吉村さんが活動する熊本県上益城郡益城町は、2016年4月14日以降に発生した熊本地震で震度7の揺れを2回記録している。全壊、半壊した家屋は約6200棟に及び、一部損壊を含めると町内の98%以上が被害を受けた。
吉村さんの自宅も壁が落ちるなどの被害に遭い、近隣住民と駐車場や空き地などでやり過ごしていたが、16日の大雨予報を機に町立益城中央小学校の避難所へ移った。「暗いイメージがあったので行くのは嫌だった」と話す。ペットがいる、小さい子供がいるなどの理由で車中泊を選ぶ人も多かった。
もともと地域づくりのボランティア活動に取り組んでいた吉村さんは、避難所運営に関して行政職員に任せきりにせず、「自分たちのことは自分たちで」と呼びかけた。
車いす利用者の通路確保や清掃、物資配布の協力を募ると、住民同士の会話が自然と生まれた。長引く気配のある知らない人ばかりの避難所生活の中で、顔が見える関係づくりを目指した。

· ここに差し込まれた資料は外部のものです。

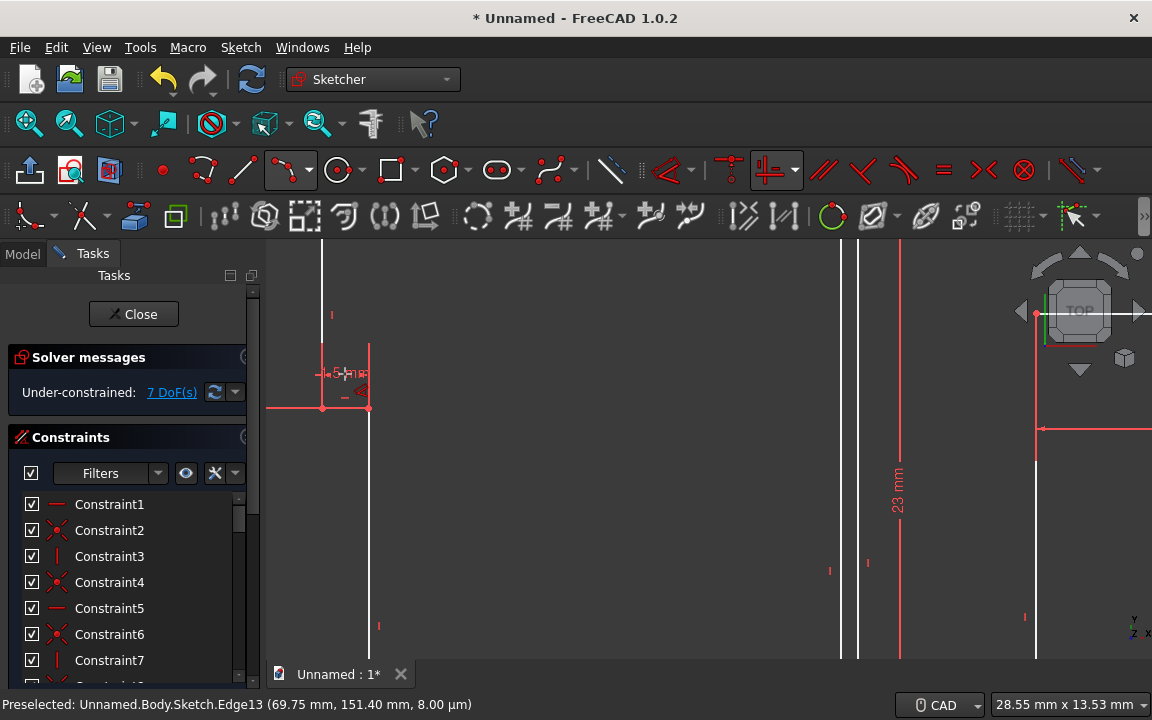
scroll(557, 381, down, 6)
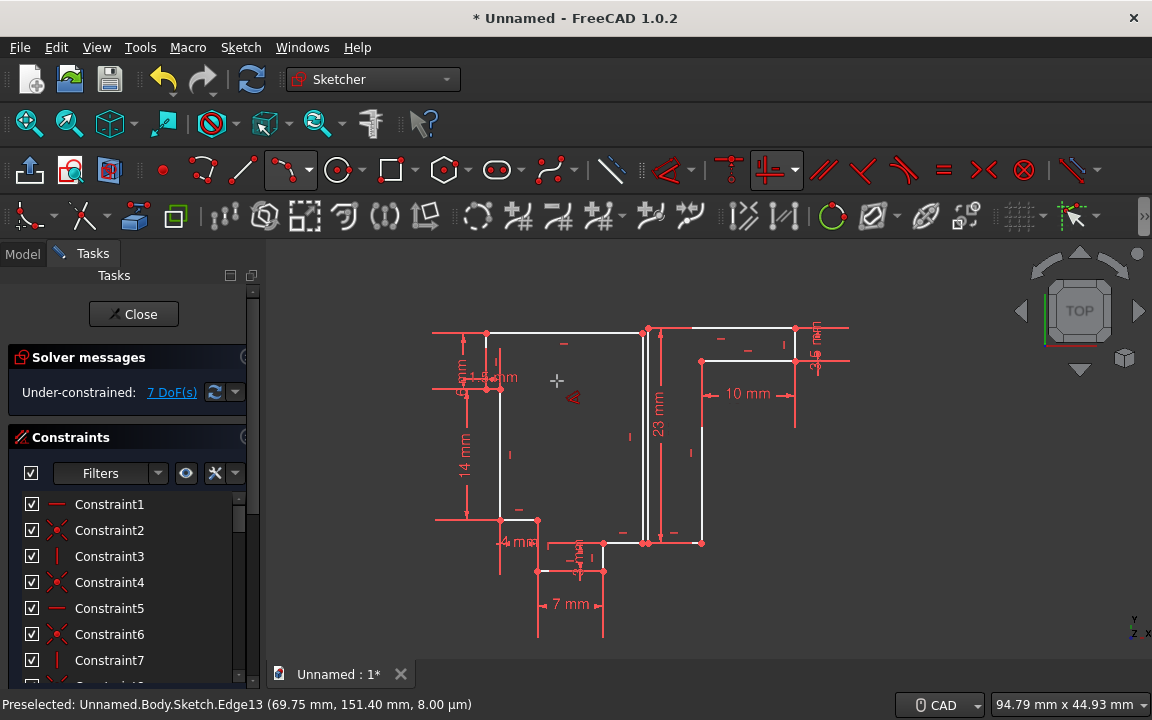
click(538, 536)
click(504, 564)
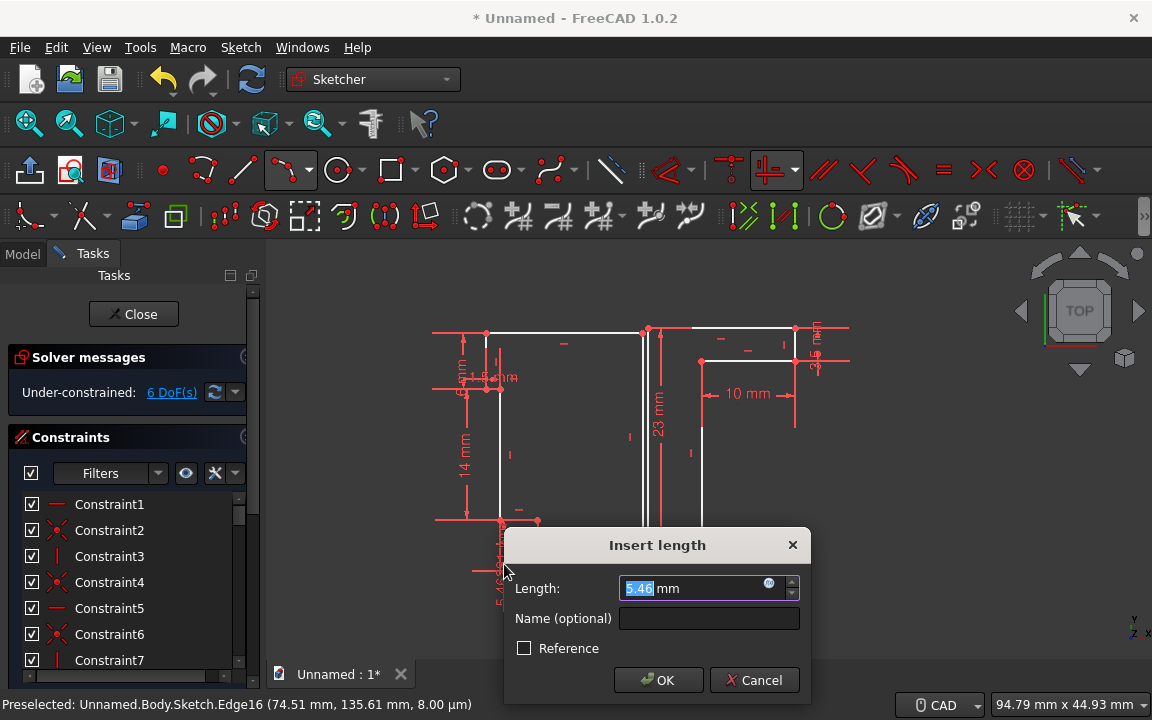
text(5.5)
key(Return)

避難所内に作ったコミュニティサロン「きままに」では、「お茶でも飲みましょう」と住民に声をかけ、それぞれの被災体験を語り合う「痛みの共有」を図った。誰でも自由に書くことのできる「きままノート」は、ボランティアスタッフからの激励も寄せられ、すぐにページが埋まった。
コミュニティづくりと並行して行ったのが、避難所生活を普段の暮らしに近づけること。紙皿ではなく食器で食事し皿洗いをしたり、花を飾ったり、「生活を回していくことで特に女性たちは元気になった」と振り返る。
「最後はみんな家族のようだった」と吉村さん。避難所生活は4カ月に及んだ。合言葉は「できる人が、できることを、できたしこ(できる分)」。避難所から通勤する人や、子育て中の人もいたため役割分担はあえてせず、料理好きの人には炊き出しを、元学校教諭には、避難所を明るくしてくれた子供たちへの感謝の表彰状作成をお願いするなど、お互いの得意分野を生かした。
8月、避難所の閉鎖を機に、避難所で培ったコミュニティごと仮設住宅に移った。「お互いよく知った仲。安心してその後の生活が送れ、このつながりが復興にも役立つはず」と話していた。